WHAT TO DO: Which lines in the records below hold the word "SUBTRACT"? Copy each of them.

(Stored data entries)

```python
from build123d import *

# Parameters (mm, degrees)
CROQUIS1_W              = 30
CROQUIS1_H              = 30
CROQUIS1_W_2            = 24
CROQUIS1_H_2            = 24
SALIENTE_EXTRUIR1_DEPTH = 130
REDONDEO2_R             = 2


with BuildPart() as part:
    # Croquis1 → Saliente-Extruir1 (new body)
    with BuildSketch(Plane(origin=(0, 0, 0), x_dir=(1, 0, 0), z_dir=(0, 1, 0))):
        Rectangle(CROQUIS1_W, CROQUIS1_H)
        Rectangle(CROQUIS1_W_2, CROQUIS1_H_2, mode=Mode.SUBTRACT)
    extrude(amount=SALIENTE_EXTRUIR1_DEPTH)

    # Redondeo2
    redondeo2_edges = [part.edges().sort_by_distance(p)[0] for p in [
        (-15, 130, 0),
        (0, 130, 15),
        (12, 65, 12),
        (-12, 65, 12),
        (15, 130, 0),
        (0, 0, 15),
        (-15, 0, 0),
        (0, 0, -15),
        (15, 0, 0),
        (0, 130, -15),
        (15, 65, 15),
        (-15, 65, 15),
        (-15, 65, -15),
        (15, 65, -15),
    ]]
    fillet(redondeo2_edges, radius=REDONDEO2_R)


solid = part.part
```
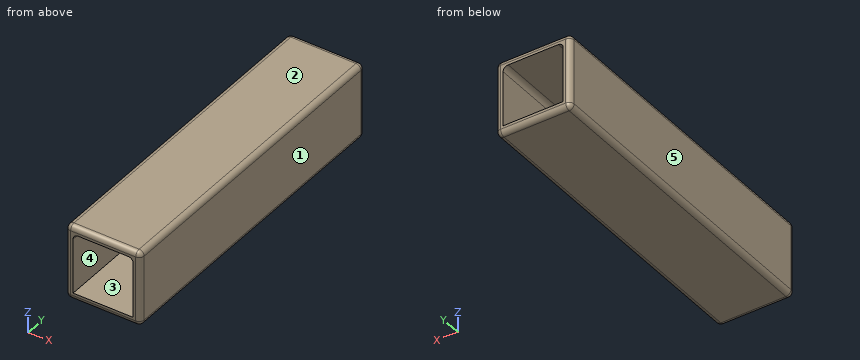
The listing builds one solid part. Answer for the finished solid, in the listing's coordinates (mm). Face numbers are marked on the shaded views. A direction names the side the tool comes from. Coordinates: 2 decimals unless noted, no trailing zeros. Loops run counter-clockwise (first coordinate to the right, second up) from the corner with the lowest first, then second, coordinate; pieces in that order, holes last. Notation, with made-up numbers: M 32.25,26 L 43.25,26 A20 cw 43.25,61 Z; hole C 7.5,78.25 d7. An arc over 180 degrees is marked long. Answer as CSV lines item,"result". Start each with the question number.
(1) Given pin 1 (1 mm diameter, centred on x = 10.5, z = 1.5, fed in from -Y), flat-ended and moving along its own axis, determine where the tip first touches the part or whether it passes through.
(2) The part is cut by section C-C (y = 90.5). Give the vertices of the cut face in (x, z).
(3) The part is cut by section B-B (x = 7.25). Give the vertices of the cut face in (y, z).
(4) The part is cut by section A-A (z = -8.5). Give the vertices of the cut face in (x, y).
(5) For the marked faces 4 and 5, determine the directions among +Z, -Z, +X, -X, +Y, -Y from which every point of the face is accessible in a straight line to the end or side of a thin tool.
(6) Find the intervals of material crossed by L1, parallel to Z at x = 10.25, y = 58; L2, parallel to X at y = 73, z = -2.25; L3, parallel to X at y = 74.5, z = 11, in increasing order. Write a range as [from, to].
(7) The mould has two halves that part along X. Classify the marked faces 1, 2 and 3: pulls with the +X half, pulls with the -X half, needs draft (parallel to the pull), parting line crosses it, or undercut.
Determined:
1,pin 1,"through"
2,outline,"M -15,-13 A2 ccw -13,-15 L 13,-15 A2 ccw 15,-13 L 15,13 A2 ccw 13,15 L -13,15 A2 ccw -15,13 Z; hole M -12,-12 L 12,-12 L 12,10 A2 ccw 10,12 L -10,12 A2 ccw -12,10 Z"
3,outline,"M 0,-13 A2 ccw 2,-15 L 128,-15 A2 ccw 130,-13 L 130,-12 L 0,-12 Z; M 0,12 L 130,12 L 130,13 A2 ccw 128,15 L 2,15 A2 ccw 0,13 Z"
4,outline,"M -15,2 A2 ccw -13,0 L -12,0 L -12,130 L -13,130 A2 ccw -15,128 Z; M 12,0 L 13,0 A2 ccw 15,2 L 15,128 A2 ccw 13,130 L 12,130 Z"
5,face 4,"+Y, -Y"
5,face 5,"+Z, -Z, -X, +Y, -Y"
6,L1,"[-15, -12], [11.98, 15]"
6,L2,"[-15, -12], [12, 15]"
6,L3,"[-15, -11.73], [11.73, 15]"
7,face 1,"pulls with the +X half"
7,face 2,"needs draft"
7,face 3,"undercut"
```python
from build123d import *

# Parameters (mm, degrees)
BOSS_EXTRUDE1_DEPTH = 5
CUT_EXTRUDE1_DEPTH  = 5


with BuildPart() as part:
    # Sketch1 → Boss-Extrude1 (new body)
    with BuildSketch(Plane(origin=(0, 0, 0), x_dir=(1, 0, 0), z_dir=(0, 1, 0))):
        Polygon((-163.000117017, 189.802822602), (-133.000117017, 189.802822602), (-133.000117017, 194.802822602), (-128.000117017, 194.802822602), (-128.000117017, 189.802822602), (-125.000117017, 189.802822602), (-125.000117017, 186.802822602), (-126.500117017, 186.802822602), (-126.500117017, 184.302822602), (-125.000117017, 184.302822602), (-125.000117017, 179.802822602), (-120.929768881, 179.802822602), (-120.929768881, 184.302822602), (-119.429768881, 184.302822602), (-119.429768881, 186.802822602), (-120.929768881, 186.802822602), (-120.929768881, 189.802822602), (-118.000117017, 189.802822602), (-118.000117017, 194.802822602), (-113.000117017, 194.802822602), (-113.000117017, 189.802822602), (-13.000117017, 189.802822602), (-13.000117017, 194.802822602), (-8.000117017, 194.802822602), (-8.000117017, 189.802822602), (-5.070465153, 189.802822602), (-5.070465153, 186.802822602), (-6.570465153, 186.802822602), (-6.570465153, 184.302822602), (-5.070465153, 184.302822602), (-5.070465153, 179.802822602), (-1.000117017, 179.802822602), (-1.000117017, 184.302822602), (0.499882983, 184.302822602), (0.499882983, 186.802822602), (-1.000117017, 186.802822602), (-1.000117017, 189.802822602), (1.999882983, 189.802822602), (1.999882983, 194.802822602), (6.999882983, 194.802822602), (6.999882983, 189.802822602), (36.999882983, 189.802822602), (36.999882983, -110.197177398), (-163.000117017, -110.197177398), align=None)
    extrude(amount=BOSS_EXTRUDE1_DEPTH)

    # Sketch2 → Cut-Extrude1 (cut)
    with BuildSketch(Plane(origin=(0, 5, 0), x_dir=(1, 0, 0), z_dir=(0, 1, 0))):
        Polygon((3.664882983, 143.66744931), (20.329882983, 114.802822602), (3.664882983, 85.938195894), (-29.665117017, 85.938195894), (-46.330117017, 114.802822602), (-29.665117017, 143.66744931), align=None)
        Polygon((-79.670117017, 114.802822602), (-96.335117017, 143.66744931), (-129.665117017, 143.66744931), (-146.330117017, 114.802822602), (-129.665117017, 85.938195894), (-96.335117017, 85.938195894), align=None)
        Polygon((-29.665117017, -64.061804106), (3.664882983, -64.061804106), (20.329882983, -35.197177398), (3.664882983, -6.33255069), (-29.665117017, -6.33255069), (-46.330117017, -35.197177398), align=None)
        Polygon((-79.670117017, -35.197177398), (-96.335117017, -64.061804106), (-129.665117017, -64.061804106), (-146.330117017, -35.197177398), (-129.665117017, -6.33255069), (-96.335117017, -6.33255069), align=None)
        Polygon((-29.670117017, 39.802822602), (-46.335117017, 68.66744931), (-79.665117017, 68.66744931), (-96.330117017, 39.802822602), (-79.665117017, 10.938195894), (-46.335117017, 10.938195894), align=None)
    extrude(amount=-CUT_EXTRUDE1_DEPTH, mode=Mode.SUBTRACT)


solid = part.part
```
Geometry: final body of the model. Coordinates: model frame, mm. Give positions to 0.01 mm unless a question says otherwise; leave off trailing zeros. Loops run counter-clockwise (first coordinate to the right, second up) from the corner with the lowest first, then second, coordinate; pieces in that order, holes last. Notation, with made-up numbers: (14.5, -28) -> (50.5, -28) arc R15 ccw to (50.5, -10) -> close; hole circle Ø5 at (2, -27.75). An arc over 180 degrees is marked (long way). Return JSON: item names as keys, results as strings.
Item 1: Section B-B, the plane z = 24. Output: boundary loops of the cut face in (x, y).
Filled in:
{"outline": "(-163, 0) -> (-139.87, 0) -> (-139.87, 5) -> (-163, 5) -> close; (-86.13, 0) -> (-39.87, 0) -> (-39.87, 5) -> (-86.13, 5) -> close; (13.87, 0) -> (37, 0) -> (37, 5) -> (13.87, 5) -> close"}
Item 2: Section C-C, the plane z = -59. Output: boundary loops of the cut face in (x, y).
Filled in:
{"outline": "(-163, 0) -> (-85.25, 0) -> (-85.25, 5) -> (-163, 5) -> close; (-40.75, 0) -> (37, 0) -> (37, 5) -> (-40.75, 5) -> close"}
Item 3: Pin query (flat end, axial travel): P1, Ø2.5, axis at x = -63, y = 3, coming from the -Z side; P2, Ø1.5, axis at y = 2, z = -192.5, coming from the +X side; P3, Ø2.5, axis at y = 3.5, z = -191.5, coming from the -X side. Return the tip coordinate at first contact, or that it passes through.
Filled in:
{"P1": "z = -189.8", "P2": "x = 7", "P3": "x = -133"}
Item 4: Section D-D, the plane y = 3.45. Count the separate pieces of the cut face and the enclosed holes in it, plus the area to 3 significant figures.
Filled in:
{"separate pieces": "1", "enclosed holes": "5", "area": "45,600 mm^2"}
Item 5: Mould query, pull axis Z, two halves, no side actions, for faces 1 (the flat face through (-62, 5, -78)), 2 (the flat face through (-138.114, 2.535, 20.967)). Classes: released by +Z, released by -Z, zero draft, split by the parting line, or undercut.
Filled in:
{"face 1": "zero draft", "face 2": "undercut"}
Item 6: Section A-A, the plane x = -55. Output: boundary loops of the cut face in (y, z).
Filled in:
{"outline": "(0, -189.8) -> (5, -189.8) -> (5, -68.67) -> (0, -68.67) -> close; (0, -10.94) -> (5, -10.94) -> (5, 110.2) -> (0, 110.2) -> close"}
Item 7: Line query: line 1 (Z direction, x = -11.5, y = 3.2); line 2 (Z direction, x = -6, y = 2.6); line 3 (Z direction, x = -23, y = 3.95). Output: solid intervals per line, ascending.
Filled in:
{"line 1": "-194.8 to -143.67, -85.94 to 6.33, 64.06 to 110.2", "line 2": "-189.8 to -186.8, -184.3 to -143.67, -85.94 to 6.33, 64.06 to 110.2", "line 3": "-189.8 to -143.67, -85.94 to 6.33, 64.06 to 110.2"}

EXPECTED OUTPUT:
        Rectangle(CROQUIS1_W_2, CROQUIS1_H_2, mode=Mode.SUBTRACT)
    extrude(amount=-CUT_EXTRUDE1_DEPTH, mode=Mode.SUBTRACT)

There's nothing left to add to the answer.